Nasci grande, magrelo e feio, segundo minha própria mãe. Estava todo enrugado e minha pele só se desenrugou depois de uns dias. Já nascemos perdendo e ganhando. Sim, perdendo o calor do útero, perdendo a alimentação fácil, a atenção das pessoas àquela barriga bonita e redonda da mãe. Por isso nascemos chorando e provavelmente assustados? Por outro lado, ganhamos os olhares carinhosos e felizes dos familiares, o amor das pessoas. E eu nasci em um hospital de cidade de interior, bem cuidado. E saí para o mundo, pus os pequenos pés na estrada.

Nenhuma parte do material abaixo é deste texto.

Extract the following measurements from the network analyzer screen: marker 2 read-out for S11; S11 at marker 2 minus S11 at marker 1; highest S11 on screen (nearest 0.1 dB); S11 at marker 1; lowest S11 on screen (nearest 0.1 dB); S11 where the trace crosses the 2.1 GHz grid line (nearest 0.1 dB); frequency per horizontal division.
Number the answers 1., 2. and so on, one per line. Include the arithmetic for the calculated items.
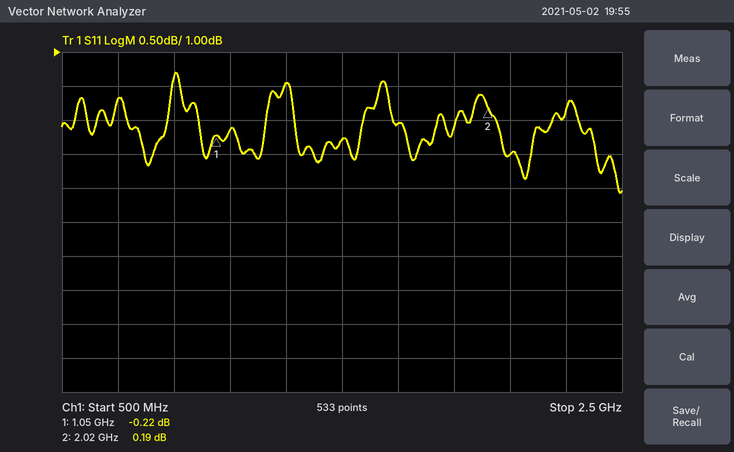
1. 0.19 dB
2. 0.19 − (-0.22) = 0.41 dB
3. 0.7 dB
4. -0.22 dB
5. -1.1 dB
6. -0.5 dB
7. 200 MHz
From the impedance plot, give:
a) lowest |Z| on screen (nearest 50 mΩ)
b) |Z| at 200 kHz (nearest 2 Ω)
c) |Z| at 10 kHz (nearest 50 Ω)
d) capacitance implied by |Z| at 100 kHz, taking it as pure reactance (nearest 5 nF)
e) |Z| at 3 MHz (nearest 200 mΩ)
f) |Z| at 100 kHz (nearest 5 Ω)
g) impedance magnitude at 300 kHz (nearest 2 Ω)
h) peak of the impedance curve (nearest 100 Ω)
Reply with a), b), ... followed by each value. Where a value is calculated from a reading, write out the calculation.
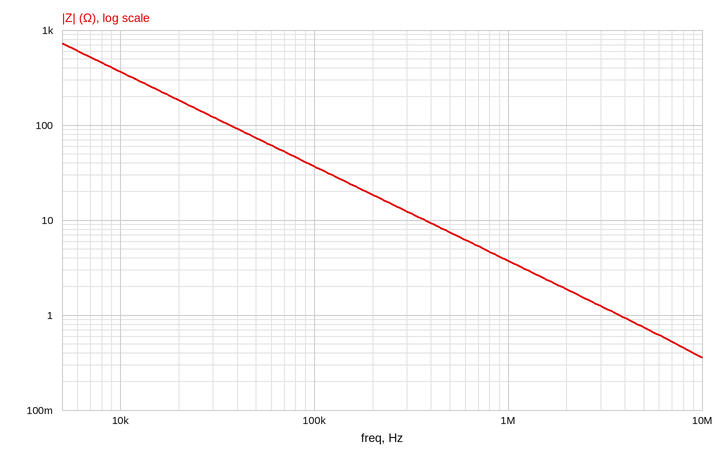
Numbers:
a) 350 mΩ
b) 18 Ω
c) 350 Ω
d) C = 1/(2π × 100 kHz × 35 Ω) ≈ 45 nF
e) 1.2 Ω
f) 35 Ω
g) 12 Ω
h) 700 Ω
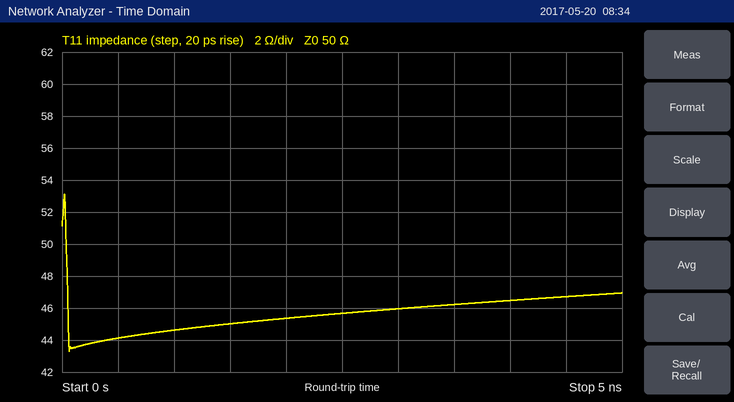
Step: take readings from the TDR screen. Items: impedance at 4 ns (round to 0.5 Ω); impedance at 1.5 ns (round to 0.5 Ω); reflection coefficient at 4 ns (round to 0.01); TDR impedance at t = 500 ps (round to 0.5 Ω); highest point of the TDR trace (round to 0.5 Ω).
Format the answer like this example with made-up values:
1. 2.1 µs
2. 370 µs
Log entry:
1. 46.5 Ω
2. 45.0 Ω
3. -0.04
4. 44.0 Ω
5. 53.0 Ω
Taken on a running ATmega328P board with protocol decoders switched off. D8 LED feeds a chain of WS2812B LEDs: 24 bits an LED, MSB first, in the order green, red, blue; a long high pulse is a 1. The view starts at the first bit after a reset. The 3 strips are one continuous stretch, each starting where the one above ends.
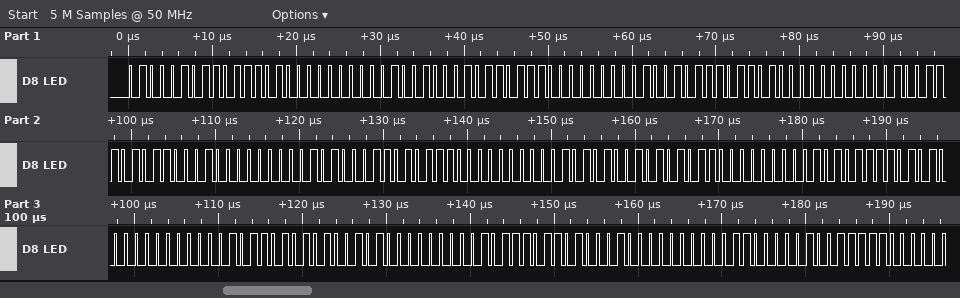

O inquieto do meu pai pediu demissão na empresa onde
trabalhava quando eu tinha apenas um mês. Trabalhou em uma
construtora de estradas no interior de Minas Gerais. Pé na estrada por aí afora. Em quatro anos eu provavelmente andei alguns milhares de quilômetros. Por
onde as máquinas iam, a gente ia atrás. De Belo Horizonte a Teófilo Otoni fomos
e voltamos várias vezes. Com algumas paradas em Rio Piracicaba (MG), onde meu
avô tinha uma pequena fazenda. Entre uma casa e outra pelos caminhos, parávamos
lá por vários dias, semanas, até por meses. Tenho boas memórias dessa época,
desde que um pequeno consiga se lembrar. E minha memória vai até os dois anos,
quando me lembro de uma casa perto de um aeroporto em Teófilo Otoni. Isso
porque, um dia, tivemos que correr da pista onde um pequeno avião pousaria.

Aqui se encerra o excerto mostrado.